======== Data to use
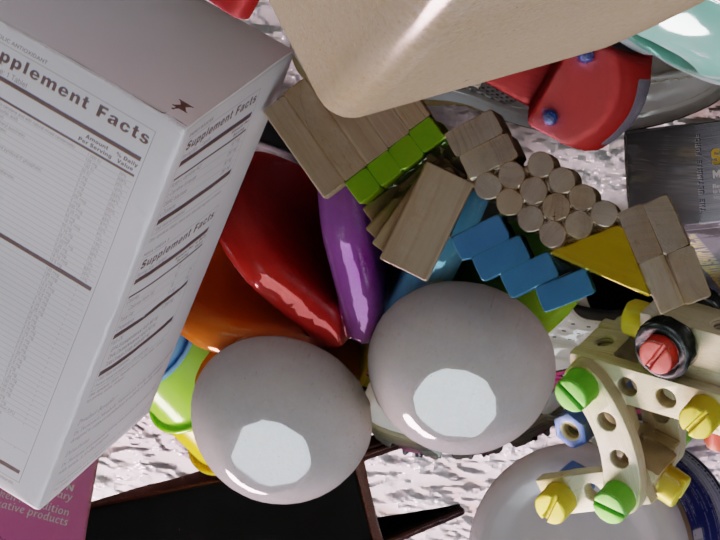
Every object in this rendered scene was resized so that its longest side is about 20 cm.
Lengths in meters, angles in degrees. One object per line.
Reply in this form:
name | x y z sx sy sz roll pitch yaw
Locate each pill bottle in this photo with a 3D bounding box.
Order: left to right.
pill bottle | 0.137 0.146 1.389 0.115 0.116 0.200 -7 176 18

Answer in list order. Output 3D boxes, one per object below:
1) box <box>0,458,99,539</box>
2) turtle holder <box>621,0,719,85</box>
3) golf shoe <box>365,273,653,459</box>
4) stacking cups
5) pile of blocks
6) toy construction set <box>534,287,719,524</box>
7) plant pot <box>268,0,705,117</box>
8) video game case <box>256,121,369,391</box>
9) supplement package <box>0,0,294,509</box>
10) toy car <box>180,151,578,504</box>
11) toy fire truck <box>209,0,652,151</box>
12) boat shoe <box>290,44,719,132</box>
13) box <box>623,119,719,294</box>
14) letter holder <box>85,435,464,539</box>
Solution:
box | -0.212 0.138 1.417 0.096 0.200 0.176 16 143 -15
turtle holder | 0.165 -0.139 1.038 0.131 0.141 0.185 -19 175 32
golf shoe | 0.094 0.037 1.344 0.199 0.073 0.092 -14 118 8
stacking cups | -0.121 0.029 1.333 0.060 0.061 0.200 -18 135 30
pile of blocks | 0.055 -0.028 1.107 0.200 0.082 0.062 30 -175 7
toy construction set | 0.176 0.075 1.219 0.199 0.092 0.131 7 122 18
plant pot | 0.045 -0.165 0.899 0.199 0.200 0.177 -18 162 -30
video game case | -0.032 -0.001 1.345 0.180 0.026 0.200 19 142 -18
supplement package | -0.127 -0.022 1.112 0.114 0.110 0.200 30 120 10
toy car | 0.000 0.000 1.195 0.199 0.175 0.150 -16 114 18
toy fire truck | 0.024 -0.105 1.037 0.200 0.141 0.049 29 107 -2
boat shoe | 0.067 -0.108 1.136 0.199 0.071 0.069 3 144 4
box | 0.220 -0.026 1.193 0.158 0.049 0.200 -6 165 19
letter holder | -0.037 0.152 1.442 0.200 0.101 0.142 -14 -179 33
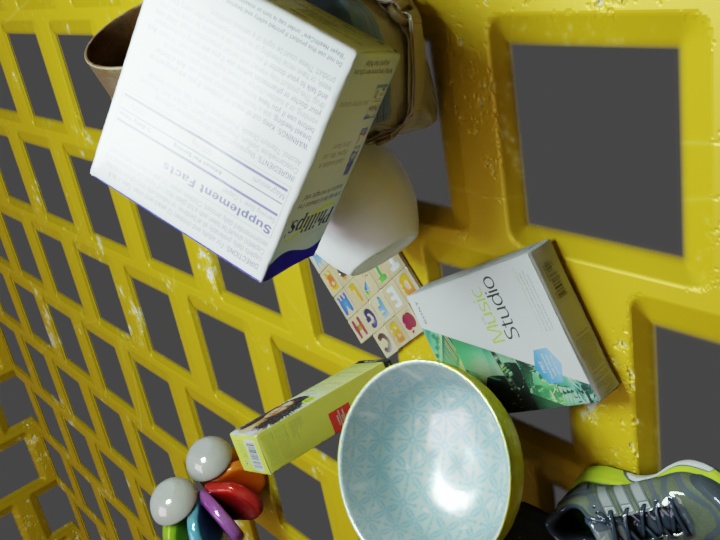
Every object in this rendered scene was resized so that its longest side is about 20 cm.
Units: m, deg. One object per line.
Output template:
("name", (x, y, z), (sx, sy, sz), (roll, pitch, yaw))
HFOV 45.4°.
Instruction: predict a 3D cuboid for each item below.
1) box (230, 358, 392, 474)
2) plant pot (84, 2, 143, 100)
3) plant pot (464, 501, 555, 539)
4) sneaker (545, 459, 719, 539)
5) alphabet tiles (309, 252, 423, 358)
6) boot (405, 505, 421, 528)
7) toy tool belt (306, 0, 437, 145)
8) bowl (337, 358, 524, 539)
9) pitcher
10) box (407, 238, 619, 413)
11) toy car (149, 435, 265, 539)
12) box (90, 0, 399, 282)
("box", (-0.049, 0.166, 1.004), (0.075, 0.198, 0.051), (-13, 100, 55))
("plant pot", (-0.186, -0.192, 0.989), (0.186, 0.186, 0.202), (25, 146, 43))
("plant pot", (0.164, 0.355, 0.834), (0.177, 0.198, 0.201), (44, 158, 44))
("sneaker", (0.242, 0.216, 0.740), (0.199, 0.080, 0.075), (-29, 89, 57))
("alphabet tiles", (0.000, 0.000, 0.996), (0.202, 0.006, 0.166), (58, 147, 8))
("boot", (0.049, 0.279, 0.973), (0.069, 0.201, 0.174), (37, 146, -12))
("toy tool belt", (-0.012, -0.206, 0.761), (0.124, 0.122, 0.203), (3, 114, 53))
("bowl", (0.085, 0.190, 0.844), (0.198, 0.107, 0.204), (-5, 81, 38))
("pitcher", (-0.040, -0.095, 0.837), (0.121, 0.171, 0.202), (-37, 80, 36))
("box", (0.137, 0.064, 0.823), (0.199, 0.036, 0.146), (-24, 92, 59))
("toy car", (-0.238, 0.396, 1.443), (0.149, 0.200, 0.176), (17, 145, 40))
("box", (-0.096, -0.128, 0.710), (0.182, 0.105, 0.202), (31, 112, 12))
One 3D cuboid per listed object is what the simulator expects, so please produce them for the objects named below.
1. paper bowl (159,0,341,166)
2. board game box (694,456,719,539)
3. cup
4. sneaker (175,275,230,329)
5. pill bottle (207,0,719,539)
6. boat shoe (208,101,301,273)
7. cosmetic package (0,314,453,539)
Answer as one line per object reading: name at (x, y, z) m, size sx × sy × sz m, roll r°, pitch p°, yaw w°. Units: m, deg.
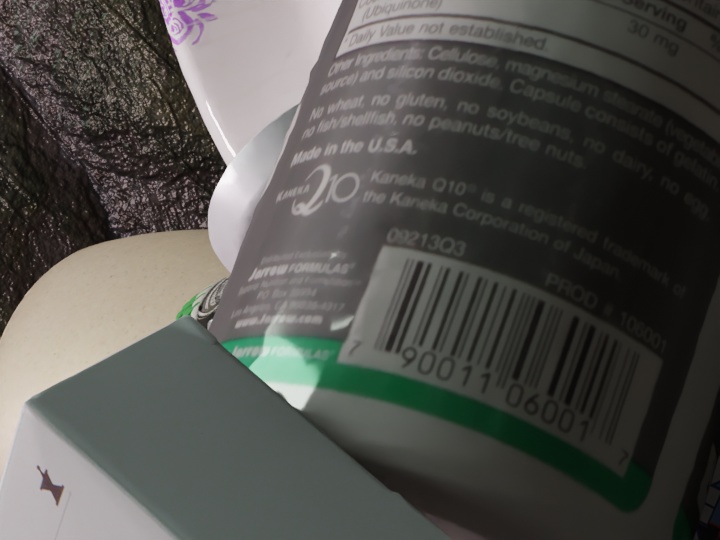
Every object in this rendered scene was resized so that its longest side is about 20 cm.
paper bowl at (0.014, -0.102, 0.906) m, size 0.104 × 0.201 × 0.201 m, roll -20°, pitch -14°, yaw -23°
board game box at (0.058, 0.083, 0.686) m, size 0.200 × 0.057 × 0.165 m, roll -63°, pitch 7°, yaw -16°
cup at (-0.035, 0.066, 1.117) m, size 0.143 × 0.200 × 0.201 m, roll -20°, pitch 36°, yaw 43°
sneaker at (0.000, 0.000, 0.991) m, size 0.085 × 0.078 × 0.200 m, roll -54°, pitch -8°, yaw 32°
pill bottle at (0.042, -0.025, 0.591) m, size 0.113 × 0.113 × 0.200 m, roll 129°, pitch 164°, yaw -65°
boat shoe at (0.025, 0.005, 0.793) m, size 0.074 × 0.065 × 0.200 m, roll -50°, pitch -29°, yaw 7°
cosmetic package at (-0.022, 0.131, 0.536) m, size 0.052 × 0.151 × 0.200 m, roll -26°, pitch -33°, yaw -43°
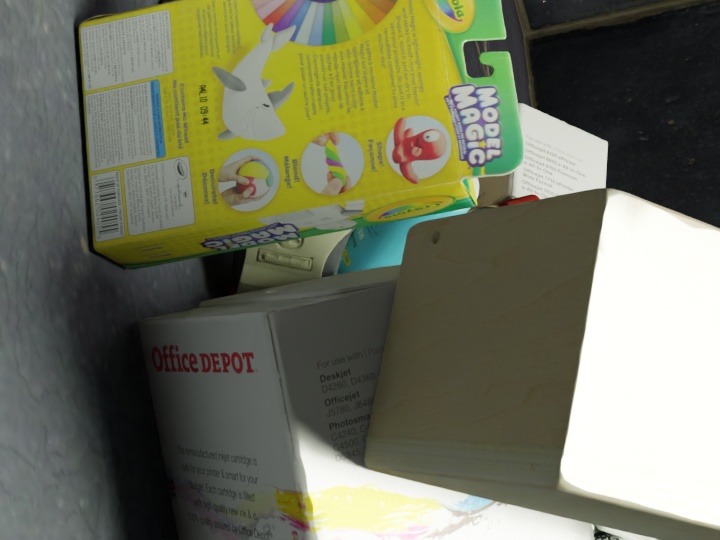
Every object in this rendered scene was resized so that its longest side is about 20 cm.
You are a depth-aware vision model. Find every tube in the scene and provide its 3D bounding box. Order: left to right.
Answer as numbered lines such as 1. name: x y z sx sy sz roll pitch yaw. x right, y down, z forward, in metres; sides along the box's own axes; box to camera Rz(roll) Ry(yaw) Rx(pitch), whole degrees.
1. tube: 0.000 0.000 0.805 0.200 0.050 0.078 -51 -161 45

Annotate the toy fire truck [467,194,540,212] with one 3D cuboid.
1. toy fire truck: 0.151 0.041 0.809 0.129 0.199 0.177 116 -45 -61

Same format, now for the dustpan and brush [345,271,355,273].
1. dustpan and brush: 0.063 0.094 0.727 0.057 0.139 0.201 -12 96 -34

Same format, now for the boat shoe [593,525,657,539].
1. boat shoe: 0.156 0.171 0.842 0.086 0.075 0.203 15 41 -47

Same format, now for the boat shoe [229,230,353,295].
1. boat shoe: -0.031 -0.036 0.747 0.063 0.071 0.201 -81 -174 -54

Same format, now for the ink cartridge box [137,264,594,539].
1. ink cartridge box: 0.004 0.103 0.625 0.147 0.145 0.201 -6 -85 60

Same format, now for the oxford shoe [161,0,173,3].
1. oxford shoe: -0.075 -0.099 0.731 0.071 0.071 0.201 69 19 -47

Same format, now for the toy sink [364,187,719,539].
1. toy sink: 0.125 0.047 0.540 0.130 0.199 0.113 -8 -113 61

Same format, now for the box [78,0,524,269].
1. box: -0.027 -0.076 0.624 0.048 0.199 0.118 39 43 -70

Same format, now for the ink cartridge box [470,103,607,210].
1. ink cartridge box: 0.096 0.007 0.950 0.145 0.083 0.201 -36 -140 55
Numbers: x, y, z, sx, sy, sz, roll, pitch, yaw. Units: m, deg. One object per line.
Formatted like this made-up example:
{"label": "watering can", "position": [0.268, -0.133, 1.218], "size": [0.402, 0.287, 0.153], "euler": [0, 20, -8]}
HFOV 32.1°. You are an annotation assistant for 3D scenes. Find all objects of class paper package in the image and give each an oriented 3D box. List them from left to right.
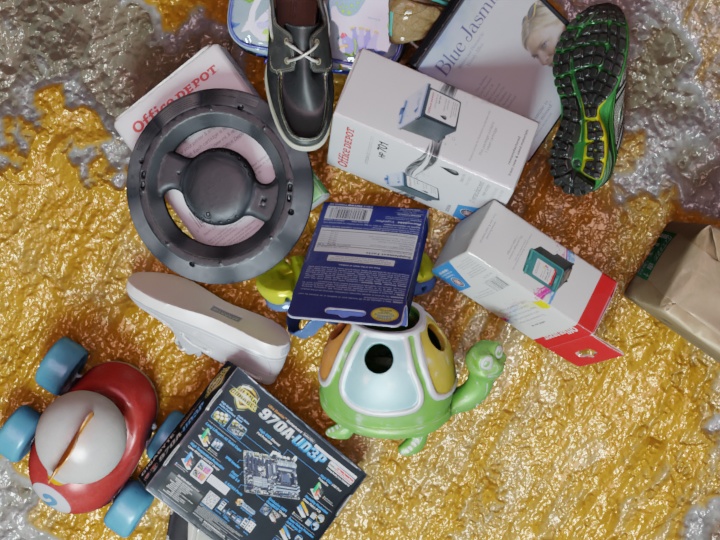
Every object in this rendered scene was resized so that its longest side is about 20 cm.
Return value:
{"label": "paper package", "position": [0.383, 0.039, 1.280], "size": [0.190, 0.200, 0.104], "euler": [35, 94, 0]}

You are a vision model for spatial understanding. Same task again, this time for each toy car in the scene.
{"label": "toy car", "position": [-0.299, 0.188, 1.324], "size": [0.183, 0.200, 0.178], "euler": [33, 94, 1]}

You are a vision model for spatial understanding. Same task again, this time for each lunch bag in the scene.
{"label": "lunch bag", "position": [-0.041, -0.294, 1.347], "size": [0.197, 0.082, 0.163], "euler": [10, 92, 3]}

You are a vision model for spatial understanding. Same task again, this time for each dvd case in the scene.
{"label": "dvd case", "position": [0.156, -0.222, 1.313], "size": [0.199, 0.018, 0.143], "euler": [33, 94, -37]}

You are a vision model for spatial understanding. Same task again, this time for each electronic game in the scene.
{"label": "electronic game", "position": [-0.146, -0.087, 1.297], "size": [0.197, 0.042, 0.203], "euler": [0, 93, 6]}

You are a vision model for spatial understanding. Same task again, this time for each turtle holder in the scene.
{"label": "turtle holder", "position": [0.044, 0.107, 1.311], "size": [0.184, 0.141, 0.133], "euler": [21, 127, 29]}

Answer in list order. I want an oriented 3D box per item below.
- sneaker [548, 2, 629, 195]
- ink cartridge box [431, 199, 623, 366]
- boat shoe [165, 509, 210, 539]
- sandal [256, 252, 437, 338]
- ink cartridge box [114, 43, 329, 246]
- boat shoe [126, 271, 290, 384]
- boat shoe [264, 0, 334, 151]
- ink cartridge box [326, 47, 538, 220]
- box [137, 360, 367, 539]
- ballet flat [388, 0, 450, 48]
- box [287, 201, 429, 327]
================
## Your assignment
Look above for the line with "5. pill bottle (207,0,719,539)" and the line with "Answer as one", and reproduce exactly those two lines plus every line between, nothing more.

## Solution to this task
5. pill bottle (207,0,719,539)
6. boat shoe (208,101,301,273)
7. cosmetic package (0,314,453,539)
Answer as one line per object reading: name at (x, y, z) m, size sx × sy × sz m, roll r°, pitch p°, yaw w°. Units: m, deg.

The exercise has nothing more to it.